• YOUR ASSIGNMENT
Starting with the line that contains "Answer: 2 What" and stopping after the line that contains "Answer: 2 Why", return each line below exactly as written, with no others.

[[ INFORMATION open ]]

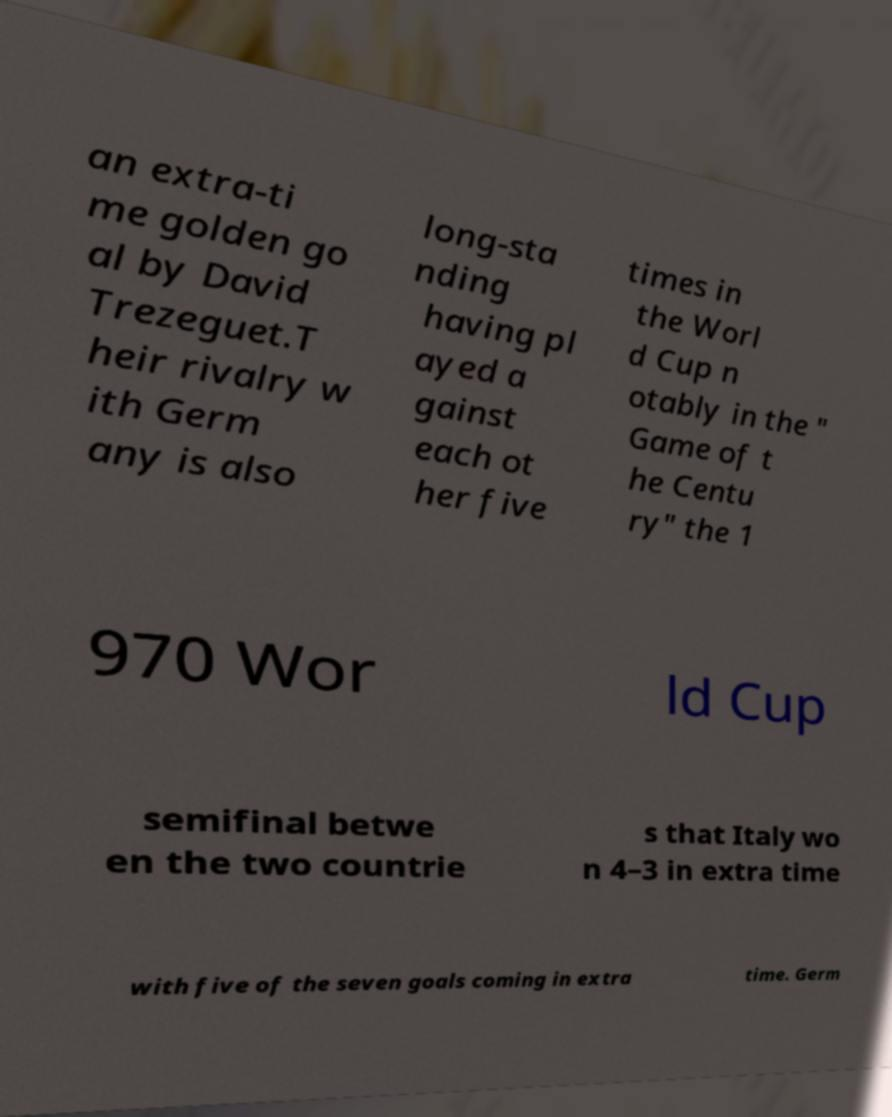Please read and relay the text visible in this image. What does it say? an extra-ti me golden go al by David Trezeguet.T heir rivalry w ith Germ any is also long-sta nding having pl ayed a gainst each ot her five times in the Worl d Cup n otably in the " Game of t he Centu ry" the 1 970 Wor ld Cup semifinal betwe en the two countrie s that Italy wo n 4–3 in extra time with five of the seven goals coming in extra time. Germ 
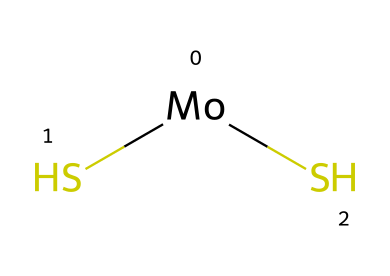What is the molecular formula of this compound? The molecular formula can be determined by counting the different types of atoms in the SMILES representation. There is one molybdenum (Mo) atom and two sulfur (S) atoms. This leads to the formula MoS2.
Answer: MoS2 How many sulfur atoms are present in the compound? By examining the SMILES representation, we can see the "(S)(S)" indicating two sulfur atoms are bonded to the molybdenum atom.
Answer: 2 What type of material is molybdenum disulfide commonly used as? Molybdenum disulfide is recognized for its properties as a solid lubricant, primarily because of its layered structure that allows for easy sliding between layers.
Answer: lubricant What is the coordination number of molybdenum in this structure? Molybdenum is bonded to two sulfur atoms in this compound, giving it a coordination number of two, which refers to the number of atoms directly bonded to it.
Answer: 2 Why is molybdenum disulfide effective as a lubricant at high temperatures? Due to its strong covalent bonds within each layer and weak van der Waals forces between layers, molybdenum disulfide maintains stability and effectiveness as a lubricant even at elevated temperatures.
Answer: stability What characteristic structural feature of molybdenum disulfide facilitates its lubrication properties? The layered structure of molybdenum disulfide allows the layers to slide over each other easily, reducing friction and wear in mechanical systems.
Answer: layered structure

[[ INFORMATION closed ]]

• RESULT OF THIS TASK
Answer: 2 What type of material is molybdenum disulfide commonly used as? Molybdenum disulfide is recognized for its properties as a solid lubricant, primarily because of its layered structure that allows for easy sliding between layers.
Answer: lubricant What is the coordination number of molybdenum in this structure? Molybdenum is bonded to two sulfur atoms in this compound, giving it a coordination number of two, which refers to the number of atoms directly bonded to it.
Answer: 2 Why is molybdenum disulfide effective as a lubricant at high temperatures? Due to its strong covalent bonds within each layer and weak van der Waals forces between layers, molybdenum disulfide maintains stability and effectiveness as a lubricant even at elevated temperatures.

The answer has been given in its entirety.